NHS hospitals have been spending millions of pounds a year on government charges to bring in much-needed staff from abroad, it has emerged.

NHS trusts in England have spent at least £15m since 2017 on visa charges, according to data released to the Labour party following a freedom of information request.

The charges have been labelled a “stealth tax” on the NHS by Labour, which accused the government of in effect punishing hospital trusts for its own failure to train enough sufficiently qualified nurses and doctors. Before the coronavirus pandemic, NHS trusts in England were facing around 100,000 vacancies, according to NHS providers that represent trusts.

The charge is known as the immigration skills charge and is levied by the Home Office on any employer wanting to apply for a visa for someone to work in the UK for six months or more under either a tier 2 (general) visa or a tier 2 (intra-company transfer) visa.

Portsmouth Hospitals NHS trust paid the most to bring in foreign workers, running up a bill of £2m since 2017. Barts Health NHS trust in London has paid £1.3m over the same period, University Hospital Southampton NHS foundation trust paid £1.2m and Royal Free London NHS foundation trust paid just over £1.1m.

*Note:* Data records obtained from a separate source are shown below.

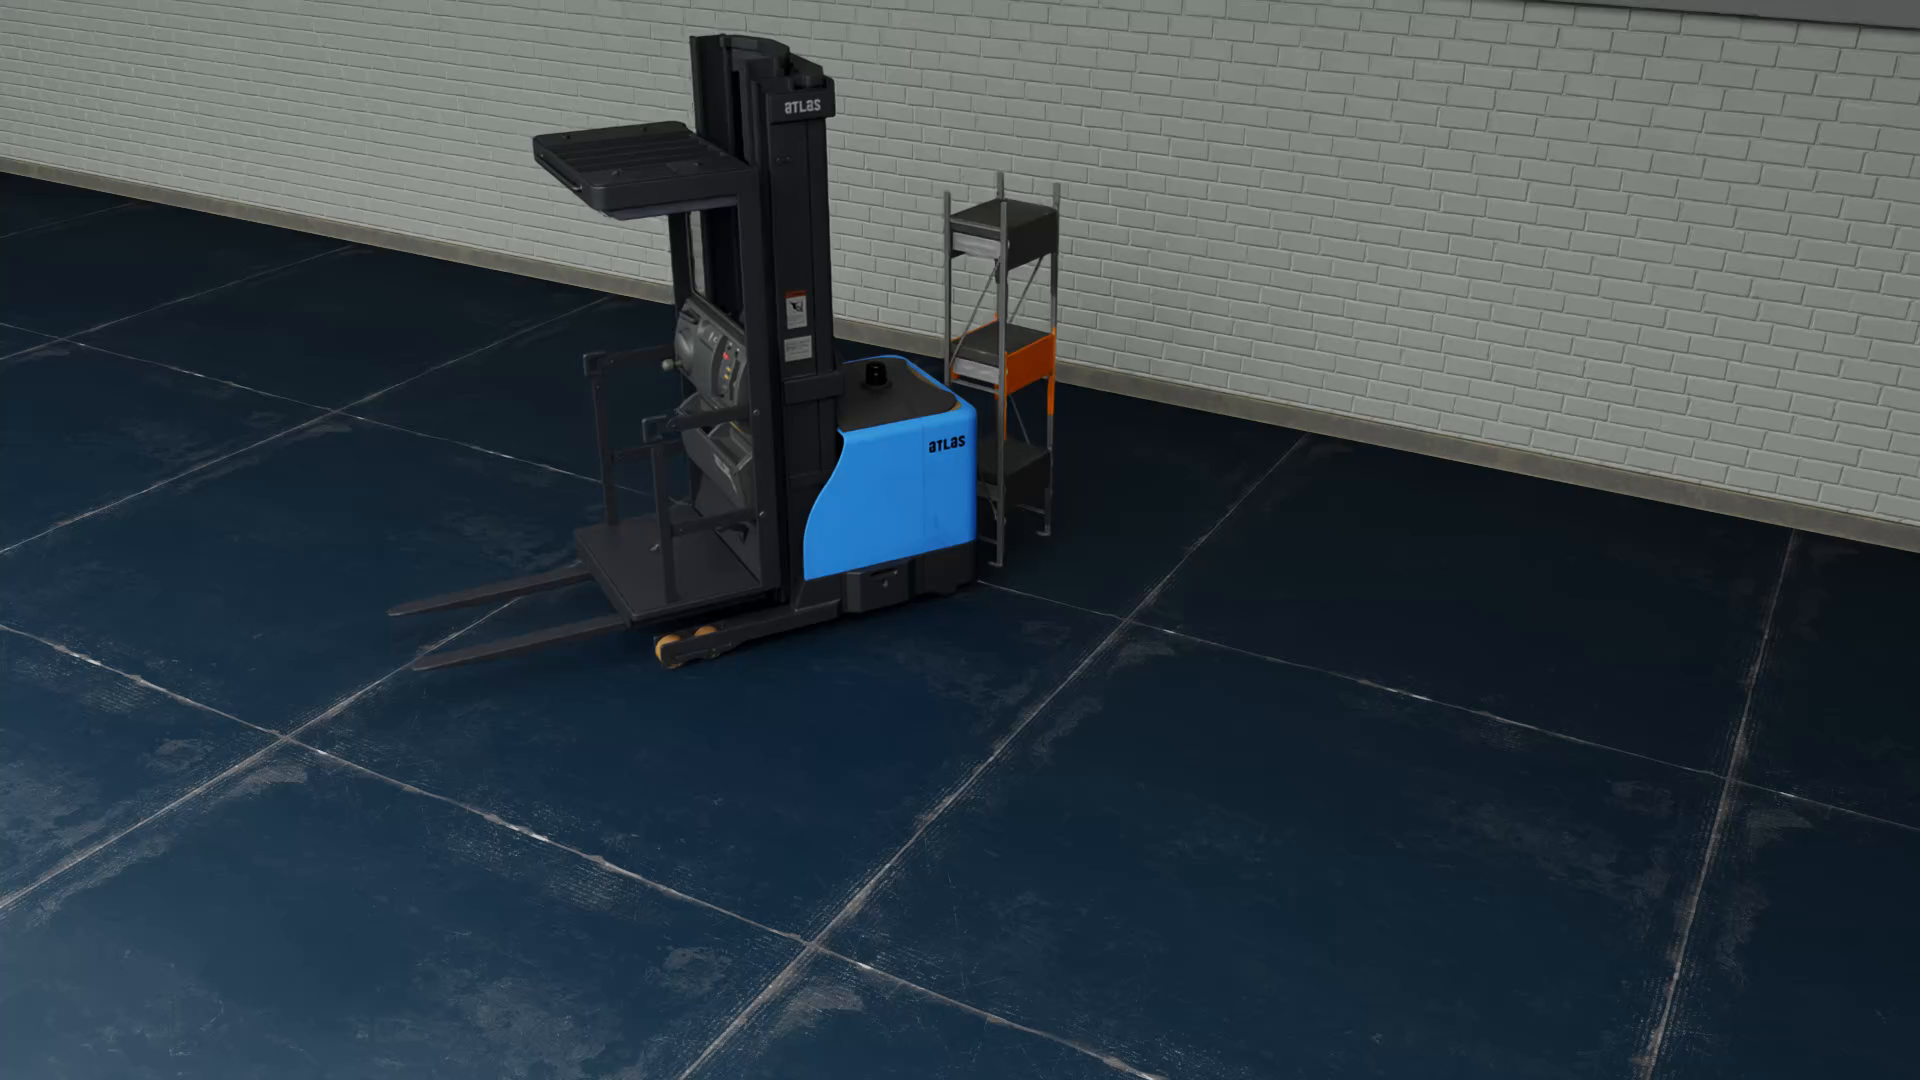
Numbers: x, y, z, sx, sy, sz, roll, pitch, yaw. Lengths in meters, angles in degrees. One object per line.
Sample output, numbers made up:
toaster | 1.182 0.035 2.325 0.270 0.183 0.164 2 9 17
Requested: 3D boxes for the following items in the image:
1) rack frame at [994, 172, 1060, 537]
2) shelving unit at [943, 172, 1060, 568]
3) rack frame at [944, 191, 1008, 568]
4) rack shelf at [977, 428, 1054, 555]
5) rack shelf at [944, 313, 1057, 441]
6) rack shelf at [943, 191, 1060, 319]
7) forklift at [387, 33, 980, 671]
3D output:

“The irrationality of the immigration skills charge for NHS trusts has been underlined by the coronavirus pandemic,” said Holly Lynch, shadow minister for immigration.

“The Conservative government should be doing all they can to support the NHS. Instead, they are presenting trusts with an unenviable choice: either leave life-saving specialist roles unfilled or fork out expensive fees for overseas staff.”

As part of the UK’s departure from the EU, employers bringing in workers from there may also have to pay the £1,000 charge for the first 12 months of a worker’s employment and £500 for each subsequent six months.

The Department of Health and Social Care referred inquiries to the Home Office, which operates the immigration skills charge that came into force on 6 April 2017.

A government spokesperson said: “Right across the immigration system we are supporting frontline healthcare staff through initiatives such as visa extensions and the creation of the bereavement scheme. We are incredibly grateful for all the hard work that health workers and care workers continue to do in the fight against coronavirus.

“We’ve already taken steps to support the NHS during the pandemic by removing the skills charge for employers when automatically renewing visas. Our new points-based immigration system, for introduction from January 2021, will go even further to make sure the NHS and wider health and care sector can continue to access the best and brightest talent from across the world.”